[The data — start]

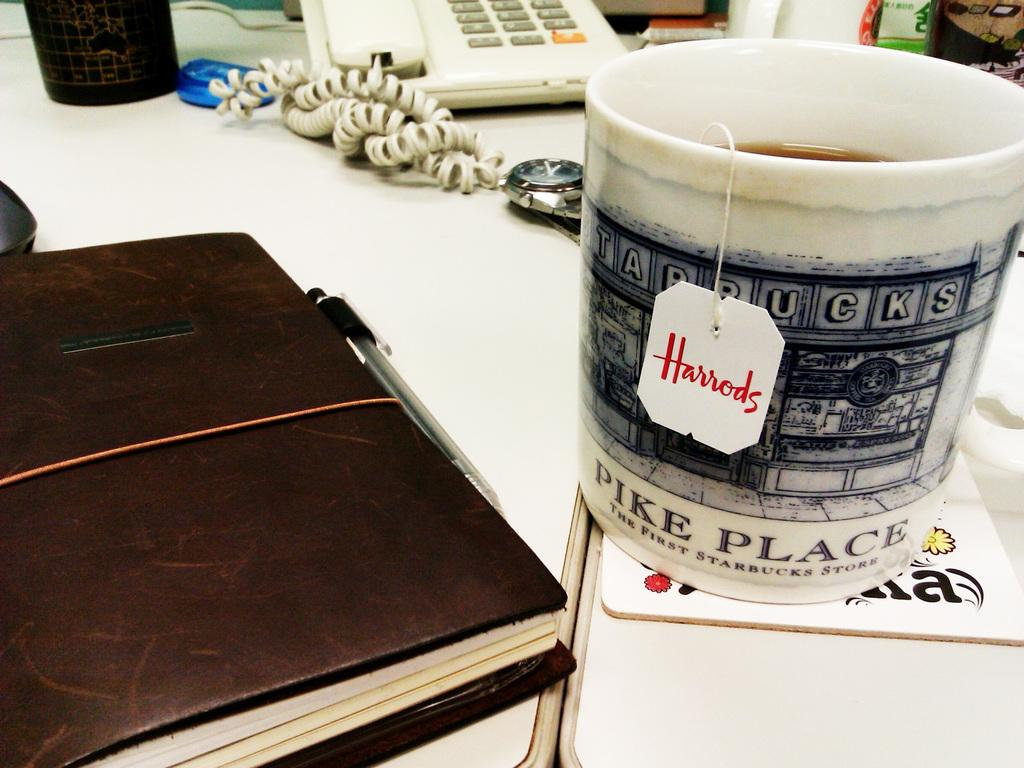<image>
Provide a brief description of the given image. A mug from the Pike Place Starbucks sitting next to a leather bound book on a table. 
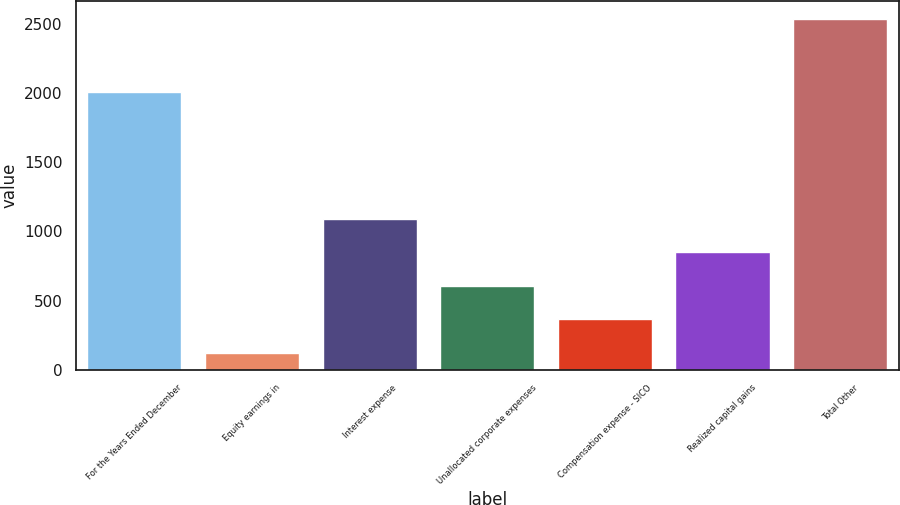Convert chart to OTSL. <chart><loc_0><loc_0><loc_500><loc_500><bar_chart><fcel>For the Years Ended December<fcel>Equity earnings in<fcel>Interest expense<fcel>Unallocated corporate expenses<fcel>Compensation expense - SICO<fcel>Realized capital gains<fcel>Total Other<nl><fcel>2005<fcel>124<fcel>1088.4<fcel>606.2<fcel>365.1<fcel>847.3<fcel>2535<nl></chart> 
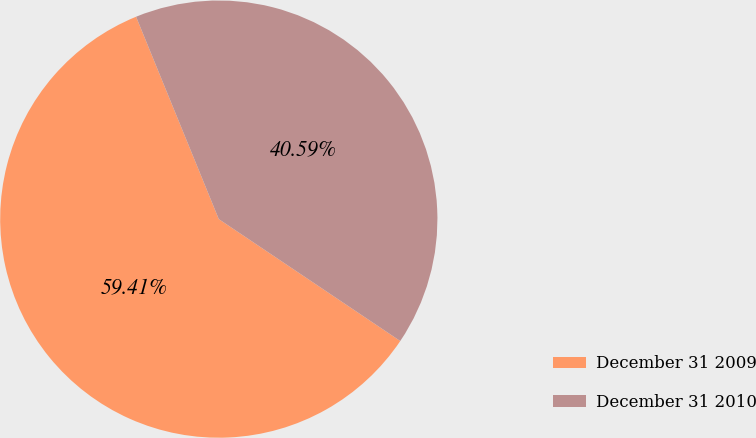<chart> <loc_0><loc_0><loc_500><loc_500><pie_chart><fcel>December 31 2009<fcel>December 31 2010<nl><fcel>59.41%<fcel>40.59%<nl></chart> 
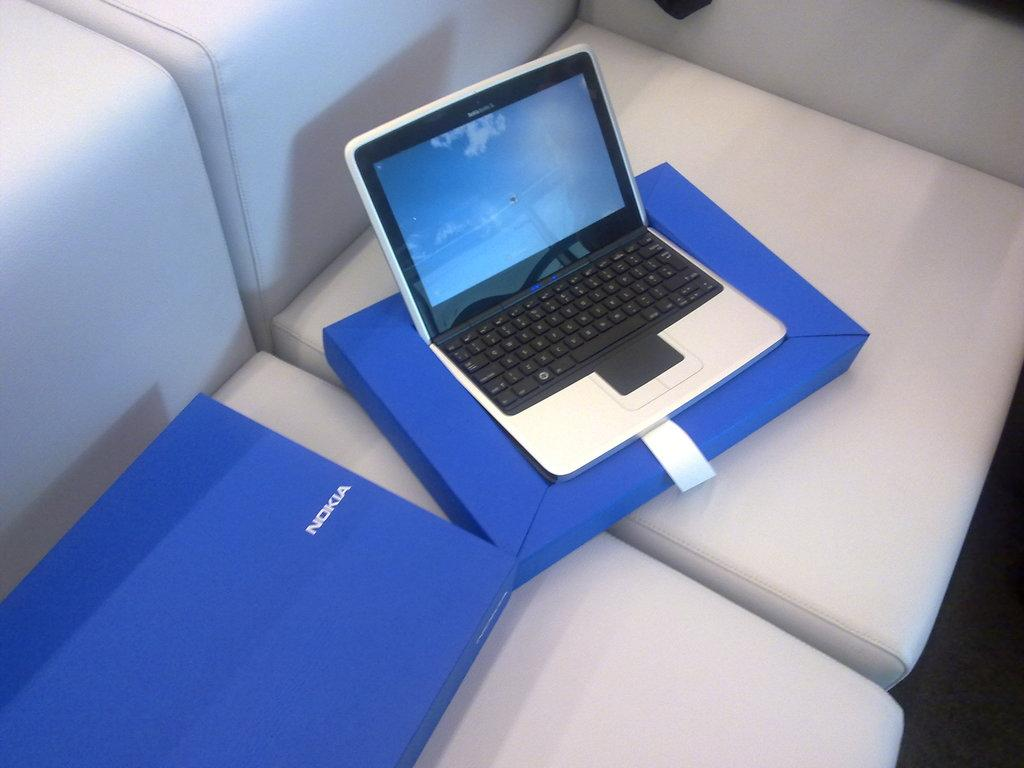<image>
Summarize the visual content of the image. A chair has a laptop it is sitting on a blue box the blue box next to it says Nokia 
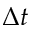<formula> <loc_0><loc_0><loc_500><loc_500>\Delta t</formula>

[The data — finish]
[The data — start]

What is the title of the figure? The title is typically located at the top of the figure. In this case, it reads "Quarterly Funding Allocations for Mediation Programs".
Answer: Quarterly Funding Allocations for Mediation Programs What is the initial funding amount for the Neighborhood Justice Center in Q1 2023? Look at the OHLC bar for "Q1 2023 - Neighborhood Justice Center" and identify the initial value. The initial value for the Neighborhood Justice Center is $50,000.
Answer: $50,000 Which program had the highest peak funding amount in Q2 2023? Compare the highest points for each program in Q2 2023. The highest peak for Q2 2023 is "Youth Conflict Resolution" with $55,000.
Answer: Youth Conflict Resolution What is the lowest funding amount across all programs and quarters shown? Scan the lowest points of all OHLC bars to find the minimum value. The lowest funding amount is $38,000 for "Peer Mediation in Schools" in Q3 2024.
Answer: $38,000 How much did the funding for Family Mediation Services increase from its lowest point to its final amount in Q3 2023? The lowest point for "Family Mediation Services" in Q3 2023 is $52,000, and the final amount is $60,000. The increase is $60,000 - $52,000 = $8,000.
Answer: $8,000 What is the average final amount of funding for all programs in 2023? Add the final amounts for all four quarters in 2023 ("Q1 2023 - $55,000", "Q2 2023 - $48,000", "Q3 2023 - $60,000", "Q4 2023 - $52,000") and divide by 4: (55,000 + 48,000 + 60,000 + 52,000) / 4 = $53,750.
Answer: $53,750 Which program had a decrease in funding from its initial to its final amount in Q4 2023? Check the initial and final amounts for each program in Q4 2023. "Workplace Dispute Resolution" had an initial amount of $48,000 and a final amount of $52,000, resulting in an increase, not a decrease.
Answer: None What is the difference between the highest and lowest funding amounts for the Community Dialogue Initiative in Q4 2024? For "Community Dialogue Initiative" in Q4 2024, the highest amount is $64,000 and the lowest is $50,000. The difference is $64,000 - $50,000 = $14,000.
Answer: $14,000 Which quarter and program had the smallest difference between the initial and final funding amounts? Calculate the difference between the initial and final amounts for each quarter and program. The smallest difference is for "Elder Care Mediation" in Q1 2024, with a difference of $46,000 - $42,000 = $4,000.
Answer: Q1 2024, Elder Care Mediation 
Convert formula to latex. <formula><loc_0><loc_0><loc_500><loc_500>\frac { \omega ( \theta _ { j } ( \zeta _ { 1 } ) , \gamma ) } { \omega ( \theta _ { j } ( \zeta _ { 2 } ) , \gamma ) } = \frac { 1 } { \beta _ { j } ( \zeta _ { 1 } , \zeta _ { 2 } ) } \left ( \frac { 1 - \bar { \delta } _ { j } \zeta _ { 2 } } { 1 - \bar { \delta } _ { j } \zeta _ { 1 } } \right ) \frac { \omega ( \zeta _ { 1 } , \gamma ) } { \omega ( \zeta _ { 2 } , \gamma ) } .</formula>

[The data — finish]
[The data — start]

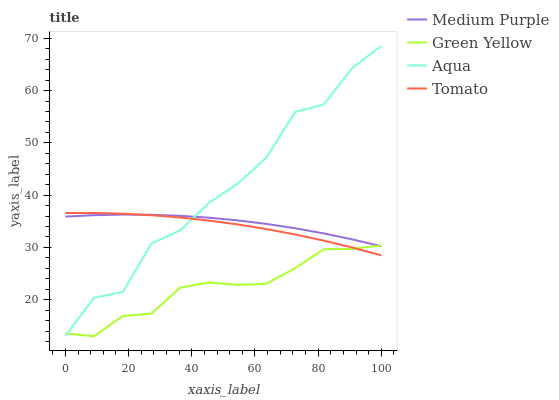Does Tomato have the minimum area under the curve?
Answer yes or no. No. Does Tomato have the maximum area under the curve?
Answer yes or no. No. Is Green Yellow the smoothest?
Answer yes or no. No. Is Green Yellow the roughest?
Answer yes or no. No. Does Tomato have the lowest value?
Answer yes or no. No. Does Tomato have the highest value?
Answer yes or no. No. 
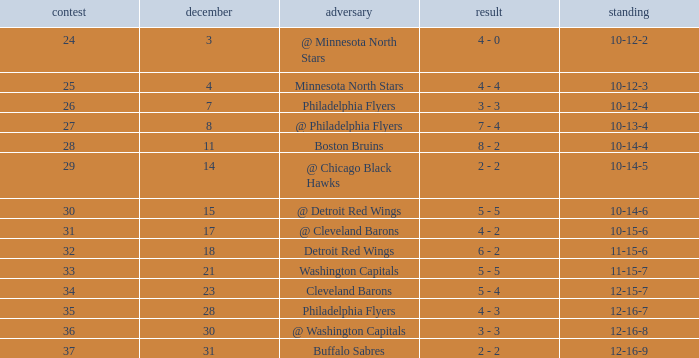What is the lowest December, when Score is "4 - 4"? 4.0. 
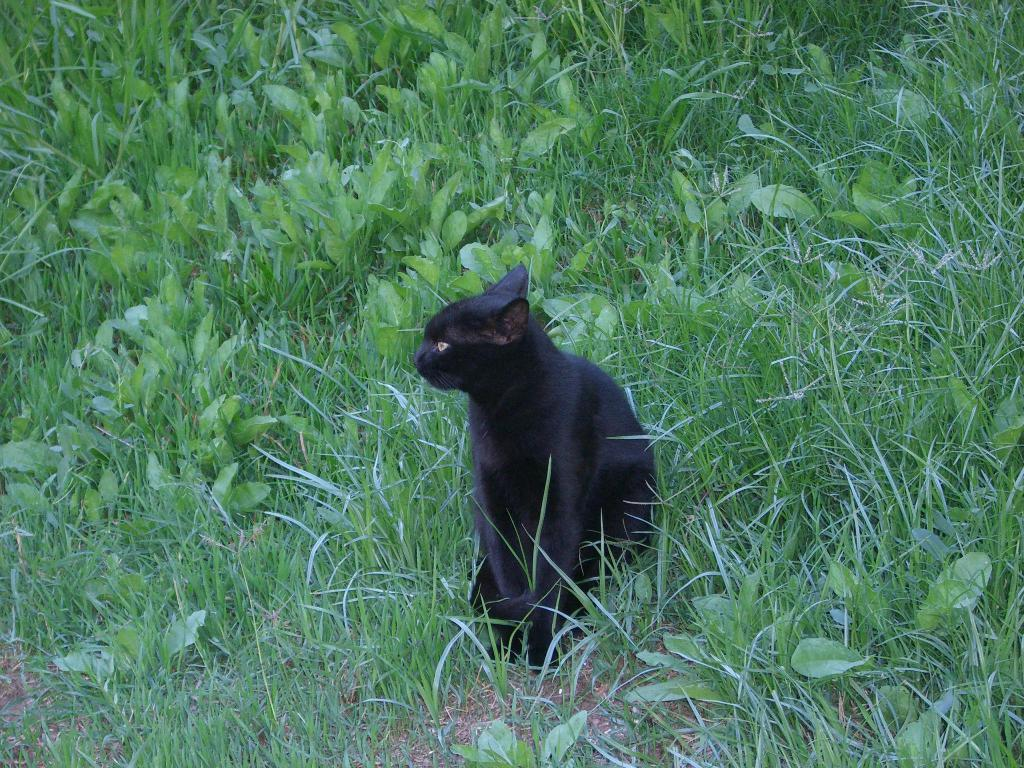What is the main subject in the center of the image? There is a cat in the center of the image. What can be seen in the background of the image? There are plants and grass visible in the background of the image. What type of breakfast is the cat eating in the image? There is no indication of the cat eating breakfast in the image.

[The data — finish]

## Your instructions
Output the lines of the records above exactly as they appear, from the line containing "What is the title" through the line containing "Answer: $53,750 Which".

## Result for this task
What is the title of the figure? The title is typically located at the top of the figure. In this case, it reads "Quarterly Funding Allocations for Mediation Programs".
Answer: Quarterly Funding Allocations for Mediation Programs What is the initial funding amount for the Neighborhood Justice Center in Q1 2023? Look at the OHLC bar for "Q1 2023 - Neighborhood Justice Center" and identify the initial value. The initial value for the Neighborhood Justice Center is $50,000.
Answer: $50,000 Which program had the highest peak funding amount in Q2 2023? Compare the highest points for each program in Q2 2023. The highest peak for Q2 2023 is "Youth Conflict Resolution" with $55,000.
Answer: Youth Conflict Resolution What is the lowest funding amount across all programs and quarters shown? Scan the lowest points of all OHLC bars to find the minimum value. The lowest funding amount is $38,000 for "Peer Mediation in Schools" in Q3 2024.
Answer: $38,000 How much did the funding for Family Mediation Services increase from its lowest point to its final amount in Q3 2023? The lowest point for "Family Mediation Services" in Q3 2023 is $52,000, and the final amount is $60,000. The increase is $60,000 - $52,000 = $8,000.
Answer: $8,000 What is the average final amount of funding for all programs in 2023? Add the final amounts for all four quarters in 2023 ("Q1 2023 - $55,000", "Q2 2023 - $48,000", "Q3 2023 - $60,000", "Q4 2023 - $52,000") and divide by 4: (55,000 + 48,000 + 60,000 + 52,000) / 4 = $53,750.
Answer: $53,750 Which program had a decrease in funding from its initial to its final amount in Q4 2023? Check the initial and final amounts for each program in Q4 2023. "Workplace Dispute Resolution" had an initial amount of $48,000 and a final amount of $52,000, resulting in an increase, not a decrease.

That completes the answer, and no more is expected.